Is it really so 100% clear-cut? If she really had no concern for the unborn, then why would she be "saddened and stressed out by the possibility of having to make that decision"? Perhaps the stress and sadness is nothing more than embarrassment at the prospect of being exposed as a hypocrite; I doubt it, though, and I would like to give her more credit than that. I agree that slut-shaming is problematic, gratuitous, unnecessary. But the same people who have the capacity for great callousness toward moral trespasses also have the capacity for empathy. We rage when we think we see idiocy, we grin when we fondle our significant others, and we cringe at the specter of death. I think the "sonogram bill" writers are wrongheaded, but I don't think I could dismiss them as insincere. Nor do I think Past Andrea was insincere, either, though "condescending" and "callous" could be fair assessments, and I similarly regret similar attitudes I had at the time. I wasn't consciously co-conspiring with a sophist's alibi, though - I was mean and nasty, but I believed that there was a reason that "baby-killing harpy-sluts" should be ashamed. My previous entry touches to some extent on how I came to think otherwise.

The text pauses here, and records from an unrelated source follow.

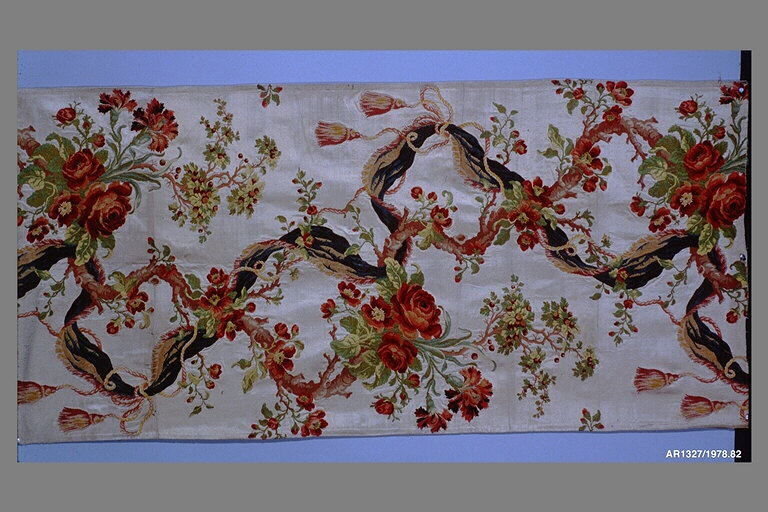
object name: length
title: Length of upholstery silk
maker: philippe de lasalle
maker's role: designer
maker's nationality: french
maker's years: 1723-1804
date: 1760-1765
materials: silk
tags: roses
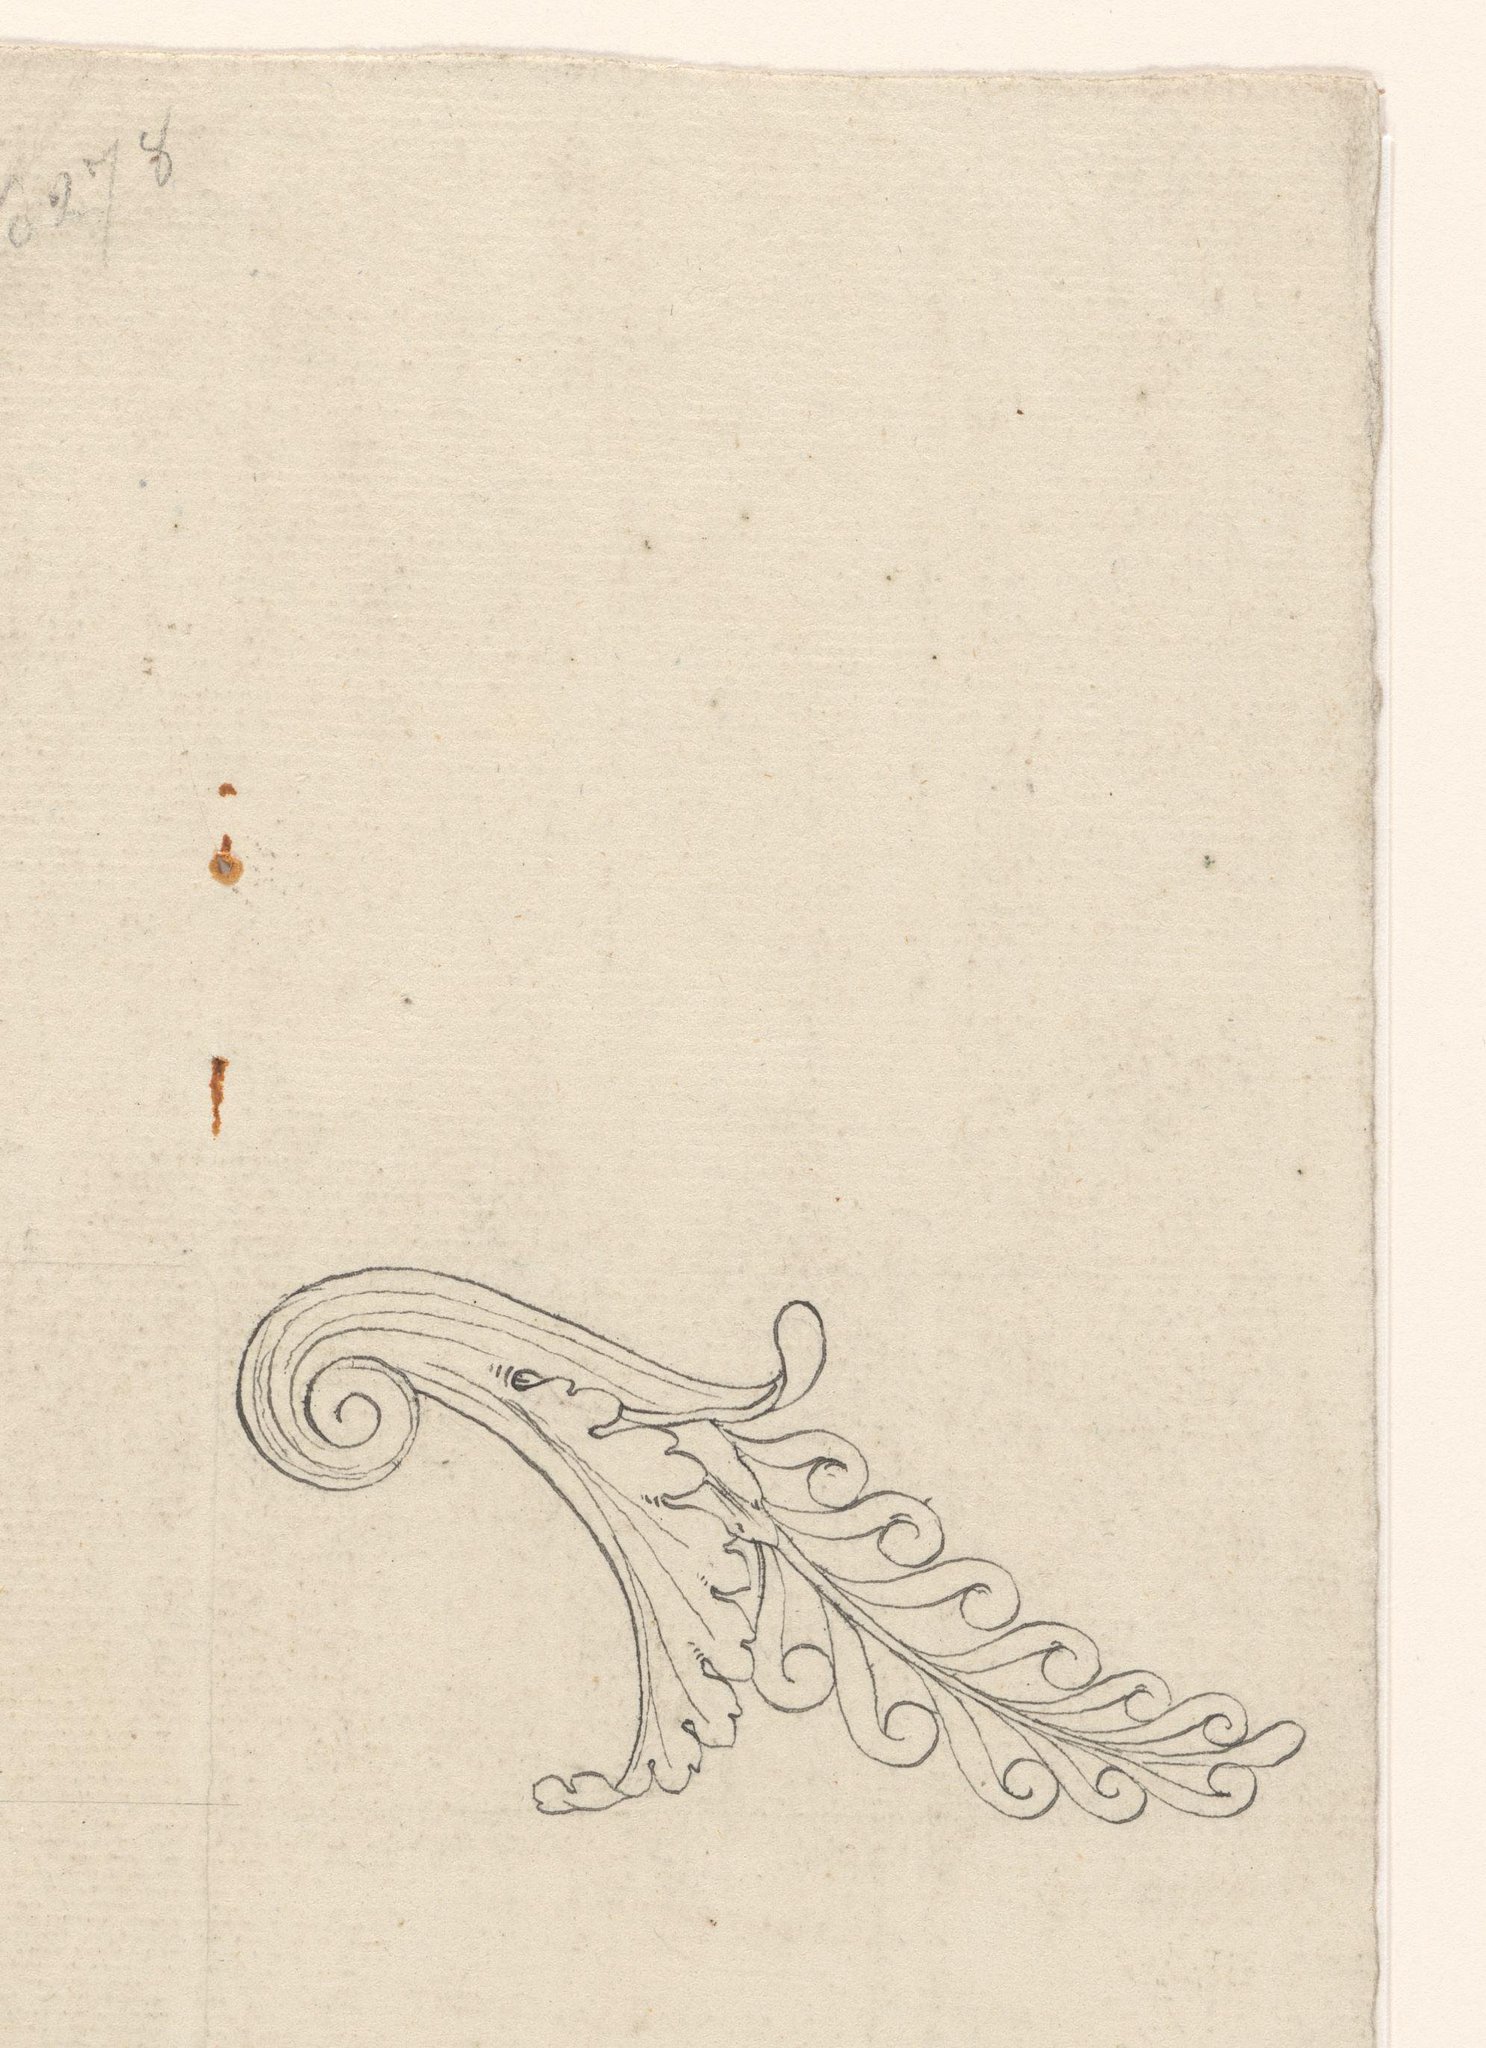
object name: design drawing
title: Gedraaid palmetmotief
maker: Anonymous
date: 1800
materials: ink, paper
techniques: pen
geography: paris
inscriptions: watermark, number: ‘No 278’

On a brighter note, this remark in particular may have had some chance of convincing Past Andrea to support contraception and education, if not abortion:

I know that what has kept me from having to make a decision about an unintended pregnancy is not the prospect of hearing a fetal heartbeat or having to go through a 24-hour wait period, but safe, easy and affordable access to contraception and good, honest medical information disseminated by doctors and medical professionals
If both sides agree that less demand for abortions is a step in the right direction, then there you have it; from reading bumper stickers and so on, I had no idea that this was the case when I was a zit-faced pro-life Republican teenager. But one task remains, in that case: we need to convince teenagers that it's even desirable to encourage or enable non-procreational sexual activity in the first place; this might be somewhat self-evident to a lot of us older and more liberal folks, but this is also one of those things that is probably quite difficult to explain to a conservative-minded teenage abstinence warrior in terms that they would "get". This is a somewhat tangential can of worms, but perhaps I should get into that someday. Whatever sex is, it's nigh-irresistible, or at the least just barely good enough to gamble on making a fetus to get it. The human life cycle really is something.

Maybe everything is futile and there's no hope of getting anyone to understand anything except in retrospect, but if that's the case, perhaps that's a lesson I'll have to come to understand in retrospect, myself. But I'd like to think it's not futile to share what you're really thinking with people sooner than you came to think that way yourself. I haven't given up on Past Watt just yet.